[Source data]

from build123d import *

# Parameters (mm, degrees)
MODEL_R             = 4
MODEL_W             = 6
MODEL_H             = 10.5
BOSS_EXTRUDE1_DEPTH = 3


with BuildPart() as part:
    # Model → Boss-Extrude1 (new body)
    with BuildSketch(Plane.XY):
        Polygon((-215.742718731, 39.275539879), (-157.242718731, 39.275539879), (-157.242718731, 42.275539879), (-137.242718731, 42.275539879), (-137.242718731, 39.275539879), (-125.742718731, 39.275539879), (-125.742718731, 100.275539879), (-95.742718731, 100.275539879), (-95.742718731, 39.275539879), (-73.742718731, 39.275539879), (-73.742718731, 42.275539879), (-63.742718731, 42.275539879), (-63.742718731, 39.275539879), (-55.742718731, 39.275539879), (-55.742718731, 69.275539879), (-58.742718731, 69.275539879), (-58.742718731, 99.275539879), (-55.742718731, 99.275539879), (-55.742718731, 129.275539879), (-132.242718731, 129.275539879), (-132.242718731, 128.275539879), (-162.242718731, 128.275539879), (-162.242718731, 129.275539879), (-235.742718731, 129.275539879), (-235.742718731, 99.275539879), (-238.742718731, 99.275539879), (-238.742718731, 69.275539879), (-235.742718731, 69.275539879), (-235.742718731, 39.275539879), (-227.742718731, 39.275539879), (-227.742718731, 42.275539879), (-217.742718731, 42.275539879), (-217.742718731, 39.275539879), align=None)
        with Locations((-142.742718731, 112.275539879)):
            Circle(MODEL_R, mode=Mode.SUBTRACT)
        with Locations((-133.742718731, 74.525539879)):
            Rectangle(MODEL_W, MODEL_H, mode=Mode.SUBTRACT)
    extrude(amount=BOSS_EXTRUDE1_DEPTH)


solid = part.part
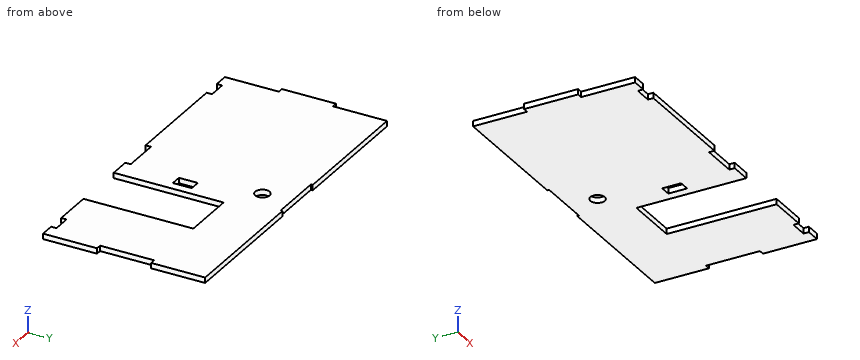
Part model, mm, in its own coordinate system. Coordinates: 2 decimals unless noted, no trailing zeros. Write each loop counter-clockwise with the first axis right and the second up, starting at its lowest first coordinate (ties: lowest second). Pieces come first, ordered by that corner, then holes. Notation, with made-up numbers: M -30.75,47.5 L 4.25,47.5 A32 cw 4.25,79.5 Z; hole C -8,85.5 d1. An arc over 180 degrees is marked long. Return JSON: item names as keys, results as strings.
1. Probe L1, parallel to X at y = 70, z = 2.2; L2, parallel to X at y = 87.5, z = 2.5; L3, parallel to X at y = 49.5, z = 0.8. List the from-to ranges inside material, lowest first.
Determined:
{"L1": "-238.74 to -136.74, -130.74 to -125.74, -95.74 to -58.74", "L2": "-238.74 to -125.74, -95.74 to -58.74", "L3": "-235.74 to -125.74, -95.74 to -55.74"}
2. Saw through at A-A, the plane y = 82.5. Write the cut outline in (x, z).
Determined:
{"outline": "M -238.74,0 L -125.74,0 L -125.74,3 L -238.74,3 Z; M -95.74,0 L -58.74,0 L -58.74,3 L -95.74,3 Z"}
3. Saw through at D-D, the plane y = 122.5. Write the cut outline in (x, z).
Determined:
{"outline": "M -235.74,0 L -55.74,0 L -55.74,3 L -235.74,3 Z"}
4. Saw through at B-B, the plane x = -151.5. Write the cut outline in (y, z).
Determined:
{"outline": "M 42.28,0 L 128.28,0 L 128.28,3 L 42.28,3 Z"}
5. Flat gauge pins, fed straight in: pin 1 Ø0.9 at (x, z) = (-225, 1) entering from -Y; pin 2 Ø0.9 at (y, z) = (74, 1) entering from +X; pin 3 Ø0.9 at (x, z) = (-133.5, 1.5) entering from +Y; pin 4 Ø7 at (x, y) = (-142.74, 112.28) entering from -Z. Where does each tip first touch, or does it go through?
Determined:
{"pin 1": "y = 42.28", "pin 2": "x = -58.74", "pin 3": "y = 128.28", "pin 4": "through"}
6. Saw through at C-C, the plane z = 1.8. Count the separate pieces of the cut face and the enclosed holes in it, then the cut area to 3 significant figures.
Determined:
{"separate pieces": "1", "enclosed holes": "2", "area": "14,100 mm²"}

[Activity] Only lines with the word "separate" are wanted; pull each of them from the records.

[Response to the exercise]
6. Saw through at C-C, the plane z = 1.8. Count the separate pieces of the cut face and the enclosed holes in it, then the cut area to 3 significant figures.
{"separate pieces": "1", "enclosed holes": "2", "area": "14,100 mm²"}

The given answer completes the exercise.